Miguel Delacerna (p), Harrison Bankhead (cb), Yussef Ernie Adams (d). Avec Tomeka Reid (violoncelle), Scott Hesse (g), Junius Paul (b), Ari Brown (ts), Oliver Lake (as), Corey Wilkes (tp).

Label / Distribution : BluJazz/Socadisc

Un bon blues plein de soul, « As Long As You’re Living », dont l’interprétation aurait ravi Horace Silver, et nous voilà embarqués avec Dee Alexander. Le génial pianiste fut l’auteur, en 1964, de l’immense « Song For My Father ». Quelque cinquante ans plus tard, la chanteuse de Chicago enregistre les songs que lui chantait sa mère lorsqu’elle était enfant. On sait aussitôt qu’on va écouter un excellent disque de jazz vocal. Un de ceux qu’on réécoute sans fin - ou sans faim -, presque malgré soi. Promesse tenue avec « Now Or Never », encore un blues. Dee pare même de sa grâce des scies telles que « Perdido » (il y en a deux versions ici !), « Nature Boy » ou « What A Difference A Day Makes »). Elle est à l’aise dans tous les registres, descend très bas et n’oublie pas de monter avec la même aisance (vraie performance sur « Lonesome Lover »). Ça groove même sur les tempos lents et le trio qui l’entoure est absolument parfait. Pas une faute de goût ni un hors-piste ici.
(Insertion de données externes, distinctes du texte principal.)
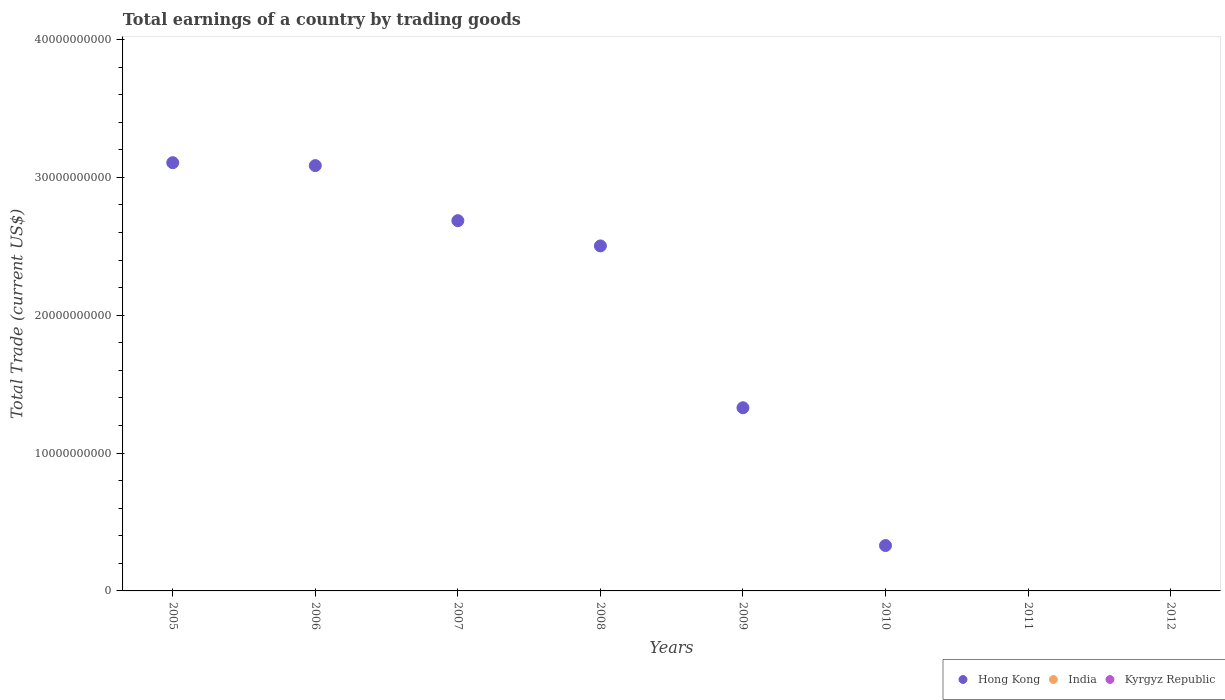How many different coloured dotlines are there?
Provide a succinct answer. 1. Across all years, what is the maximum total earnings in Hong Kong?
Provide a short and direct response. 3.11e+1. Across all years, what is the minimum total earnings in India?
Offer a very short reply. 0. What is the total total earnings in Hong Kong in the graph?
Give a very brief answer. 1.30e+11. What is the difference between the total earnings in Hong Kong in 2009 and that in 2010?
Give a very brief answer. 1.00e+1. What is the average total earnings in India per year?
Provide a short and direct response. 0. What is the ratio of the total earnings in Hong Kong in 2006 to that in 2007?
Provide a succinct answer. 1.15. Is the total earnings in Hong Kong in 2007 less than that in 2008?
Offer a terse response. No. What is the difference between the highest and the second highest total earnings in Hong Kong?
Your answer should be compact. 2.11e+08. In how many years, is the total earnings in India greater than the average total earnings in India taken over all years?
Keep it short and to the point. 0. Is it the case that in every year, the sum of the total earnings in India and total earnings in Hong Kong  is greater than the total earnings in Kyrgyz Republic?
Make the answer very short. No. Is the total earnings in Hong Kong strictly greater than the total earnings in India over the years?
Your response must be concise. Yes. How many dotlines are there?
Provide a short and direct response. 1. How many years are there in the graph?
Your answer should be very brief. 8. What is the difference between two consecutive major ticks on the Y-axis?
Your response must be concise. 1.00e+1. Does the graph contain grids?
Your answer should be very brief. No. Where does the legend appear in the graph?
Provide a succinct answer. Bottom right. How many legend labels are there?
Your answer should be compact. 3. What is the title of the graph?
Provide a short and direct response. Total earnings of a country by trading goods. Does "Nepal" appear as one of the legend labels in the graph?
Give a very brief answer. No. What is the label or title of the Y-axis?
Your response must be concise. Total Trade (current US$). What is the Total Trade (current US$) of Hong Kong in 2005?
Your response must be concise. 3.11e+1. What is the Total Trade (current US$) of India in 2005?
Provide a short and direct response. 0. What is the Total Trade (current US$) in Hong Kong in 2006?
Provide a short and direct response. 3.09e+1. What is the Total Trade (current US$) in Kyrgyz Republic in 2006?
Give a very brief answer. 0. What is the Total Trade (current US$) of Hong Kong in 2007?
Give a very brief answer. 2.69e+1. What is the Total Trade (current US$) in Kyrgyz Republic in 2007?
Your response must be concise. 0. What is the Total Trade (current US$) in Hong Kong in 2008?
Provide a succinct answer. 2.50e+1. What is the Total Trade (current US$) in India in 2008?
Ensure brevity in your answer.  0. What is the Total Trade (current US$) in Kyrgyz Republic in 2008?
Ensure brevity in your answer.  0. What is the Total Trade (current US$) of Hong Kong in 2009?
Your answer should be compact. 1.33e+1. What is the Total Trade (current US$) of India in 2009?
Provide a succinct answer. 0. What is the Total Trade (current US$) in Kyrgyz Republic in 2009?
Keep it short and to the point. 0. What is the Total Trade (current US$) of Hong Kong in 2010?
Ensure brevity in your answer.  3.29e+09. What is the Total Trade (current US$) in India in 2010?
Your answer should be very brief. 0. What is the Total Trade (current US$) of Kyrgyz Republic in 2010?
Provide a short and direct response. 0. What is the Total Trade (current US$) in India in 2012?
Your answer should be compact. 0. Across all years, what is the maximum Total Trade (current US$) in Hong Kong?
Offer a very short reply. 3.11e+1. What is the total Total Trade (current US$) of Hong Kong in the graph?
Offer a terse response. 1.30e+11. What is the total Total Trade (current US$) in India in the graph?
Your response must be concise. 0. What is the difference between the Total Trade (current US$) in Hong Kong in 2005 and that in 2006?
Keep it short and to the point. 2.11e+08. What is the difference between the Total Trade (current US$) in Hong Kong in 2005 and that in 2007?
Ensure brevity in your answer.  4.21e+09. What is the difference between the Total Trade (current US$) in Hong Kong in 2005 and that in 2008?
Give a very brief answer. 6.04e+09. What is the difference between the Total Trade (current US$) of Hong Kong in 2005 and that in 2009?
Offer a terse response. 1.78e+1. What is the difference between the Total Trade (current US$) in Hong Kong in 2005 and that in 2010?
Your answer should be compact. 2.78e+1. What is the difference between the Total Trade (current US$) in Hong Kong in 2006 and that in 2007?
Provide a short and direct response. 4.00e+09. What is the difference between the Total Trade (current US$) of Hong Kong in 2006 and that in 2008?
Offer a terse response. 5.83e+09. What is the difference between the Total Trade (current US$) of Hong Kong in 2006 and that in 2009?
Your answer should be compact. 1.76e+1. What is the difference between the Total Trade (current US$) in Hong Kong in 2006 and that in 2010?
Offer a very short reply. 2.76e+1. What is the difference between the Total Trade (current US$) in Hong Kong in 2007 and that in 2008?
Your answer should be compact. 1.83e+09. What is the difference between the Total Trade (current US$) in Hong Kong in 2007 and that in 2009?
Your response must be concise. 1.36e+1. What is the difference between the Total Trade (current US$) of Hong Kong in 2007 and that in 2010?
Your answer should be compact. 2.36e+1. What is the difference between the Total Trade (current US$) of Hong Kong in 2008 and that in 2009?
Make the answer very short. 1.17e+1. What is the difference between the Total Trade (current US$) in Hong Kong in 2008 and that in 2010?
Your answer should be compact. 2.17e+1. What is the difference between the Total Trade (current US$) in Hong Kong in 2009 and that in 2010?
Ensure brevity in your answer.  1.00e+1. What is the average Total Trade (current US$) in Hong Kong per year?
Offer a very short reply. 1.63e+1. What is the ratio of the Total Trade (current US$) of Hong Kong in 2005 to that in 2006?
Provide a succinct answer. 1.01. What is the ratio of the Total Trade (current US$) of Hong Kong in 2005 to that in 2007?
Ensure brevity in your answer.  1.16. What is the ratio of the Total Trade (current US$) of Hong Kong in 2005 to that in 2008?
Your answer should be very brief. 1.24. What is the ratio of the Total Trade (current US$) of Hong Kong in 2005 to that in 2009?
Offer a very short reply. 2.34. What is the ratio of the Total Trade (current US$) of Hong Kong in 2005 to that in 2010?
Ensure brevity in your answer.  9.44. What is the ratio of the Total Trade (current US$) of Hong Kong in 2006 to that in 2007?
Your answer should be compact. 1.15. What is the ratio of the Total Trade (current US$) of Hong Kong in 2006 to that in 2008?
Give a very brief answer. 1.23. What is the ratio of the Total Trade (current US$) of Hong Kong in 2006 to that in 2009?
Give a very brief answer. 2.32. What is the ratio of the Total Trade (current US$) of Hong Kong in 2006 to that in 2010?
Provide a succinct answer. 9.37. What is the ratio of the Total Trade (current US$) of Hong Kong in 2007 to that in 2008?
Provide a short and direct response. 1.07. What is the ratio of the Total Trade (current US$) of Hong Kong in 2007 to that in 2009?
Your answer should be compact. 2.02. What is the ratio of the Total Trade (current US$) in Hong Kong in 2007 to that in 2010?
Your answer should be compact. 8.16. What is the ratio of the Total Trade (current US$) in Hong Kong in 2008 to that in 2009?
Keep it short and to the point. 1.88. What is the ratio of the Total Trade (current US$) of Hong Kong in 2008 to that in 2010?
Offer a terse response. 7.6. What is the ratio of the Total Trade (current US$) in Hong Kong in 2009 to that in 2010?
Offer a terse response. 4.04. What is the difference between the highest and the second highest Total Trade (current US$) in Hong Kong?
Your answer should be compact. 2.11e+08. What is the difference between the highest and the lowest Total Trade (current US$) of Hong Kong?
Your answer should be very brief. 3.11e+1.

Que de chemin parcouru depuis ses débuts, en 2009 (déjà avec Miguel Delacerna et Harrison Bankhead) ! Certains en étaient tombés à la renverse. Il faut dire que la chanteuse, dont la carrière a commencé aux côtés de Henry Huff (un des fondateurs de l’AACM) a de quoi impressionner par sa puissance, sa suavité, son aisance. Toutefois, les moments d’excellence étaient autrefois un peu gâchés par un manque de justesse dans les aigus, un certain maniérisme et un timbre presque métallique, parfois. Rien de tel ici où tout est maîtrisé de A à Z. Le répertoire n’est pas aventureux, mais Dee Alexander interprète ces standards avec un allant formidable, une fraîcheur qui en repousse d’autant la date limite de consommation. Elle leur délivre même un « bon pour l’éternité ».